Recursion Scheme

Question

I have a formula, (2^n)-1, and I need to convert it to a recursion function, I tried several times to rewrite it, but I'm still struggling. What is wrong with my code?

(define fnum(n)
    (if (= n 0) 0
        (- ( * 2 (fnum (- n 1)) 1)))

(fnum (- n 1)))

Answer 1

You can do it like this (working example):

(define pow
  (lambda (n)
    (if (= n 0)
      1
      (* 2 (pow (- n 1))))))

(display (- (pow 5) 1)) 

It is clear that you should split the powering part with the minus 1 step which is going to be performed afterwards.

Answer 2

You need to split the recursion from the substraction:

(define (parent-nodes-helper n)
  (if (= n 0) 
      0
      (* 2 (parent-nodes-helper (- n 1)))))

;;; Number of parent nodes in a perfect balanced binary tree
(define (parent-nodes depth)
  (- (parent-nodes-helper depth) 1))

Now. The helper can be made local to fnum and even be implemented as named let and then you can add acc parameter to hold the result so that the multiplication doesn't need to be done after each recusion ends.
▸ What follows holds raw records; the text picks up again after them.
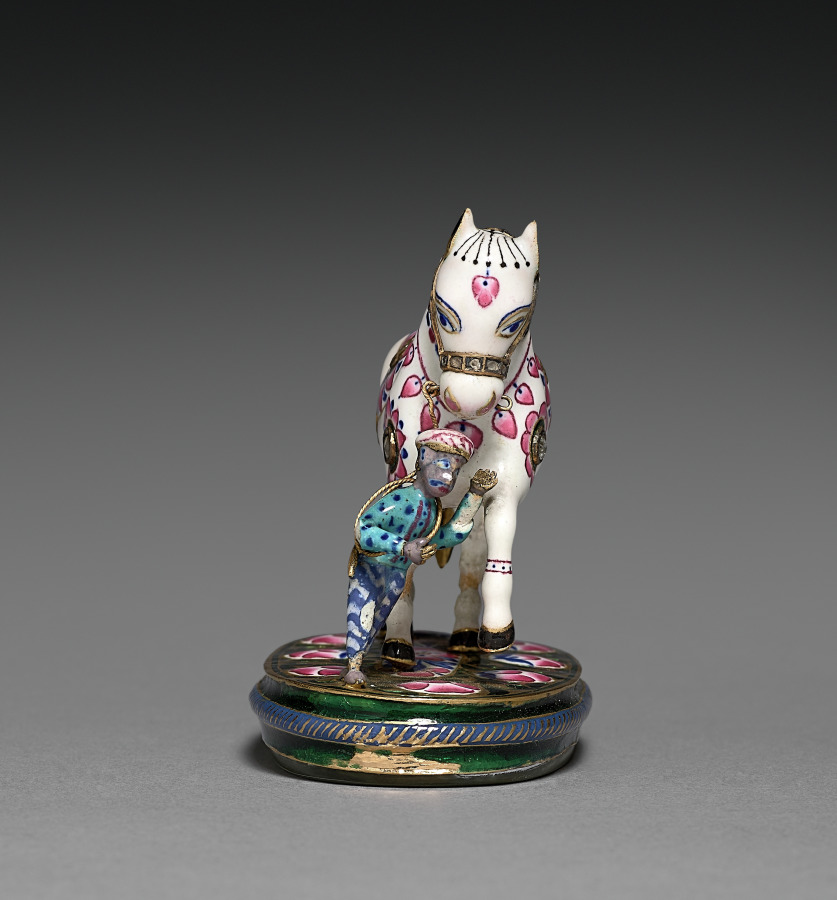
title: Ladies Hand Mirror with Horse as Handle
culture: India, Jaipur, late 18th-19th Century
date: late 1700s-1800s
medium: enamel inlaid with semi-precious stones
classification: Enamel
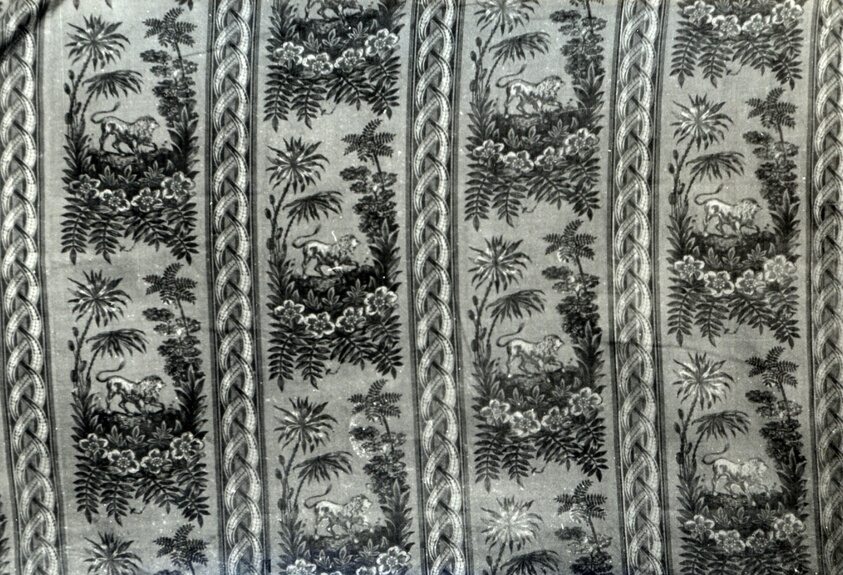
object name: Textile
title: Panel (Furnishing Fabric)
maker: France
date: 19th century
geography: France
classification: textile; weaving - printed; furnishing textile
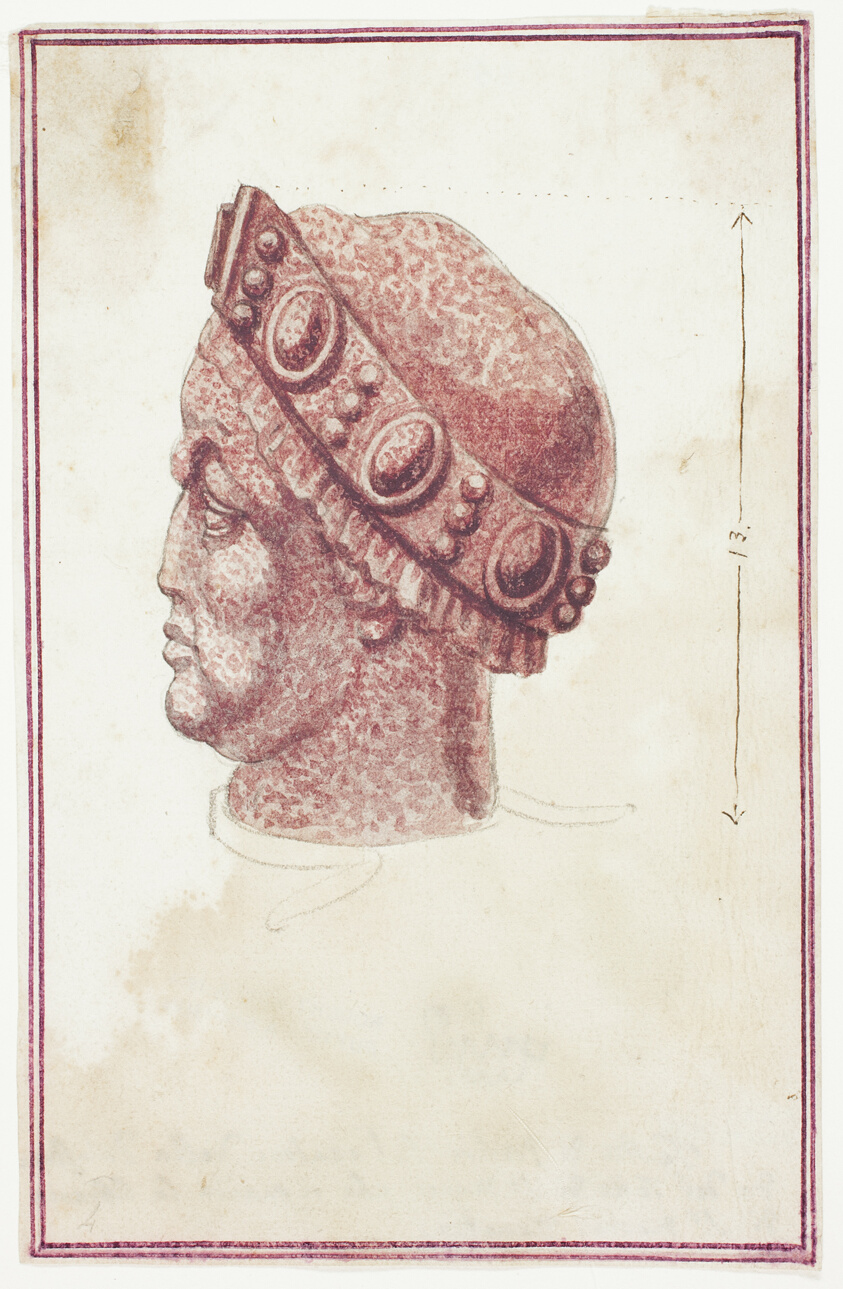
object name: Drawing and Watercolor
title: Porphyry Head (San Marco, Venice)
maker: Giuseppe Grisoni (Italian, born Flanders, 1699-1769)
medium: Gouache over black chalk, with pen and brown ink, on ivory laid paper
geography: Flanders
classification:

Here is a how I would do it:

;;; Number of parent nodes in a perfect balanced binary tree
(define (parent-nodes depth)
  (let loop ((n depth) (acc 1))
    (if (zero? n) 
        (- acc 1)
        (loop (- n 1) (* acc 2)))))

It's common to call an iterative tail recursion in named let loop, but I could have kept the name parent-nodes-helper or whatever I found fitting. It's just a name.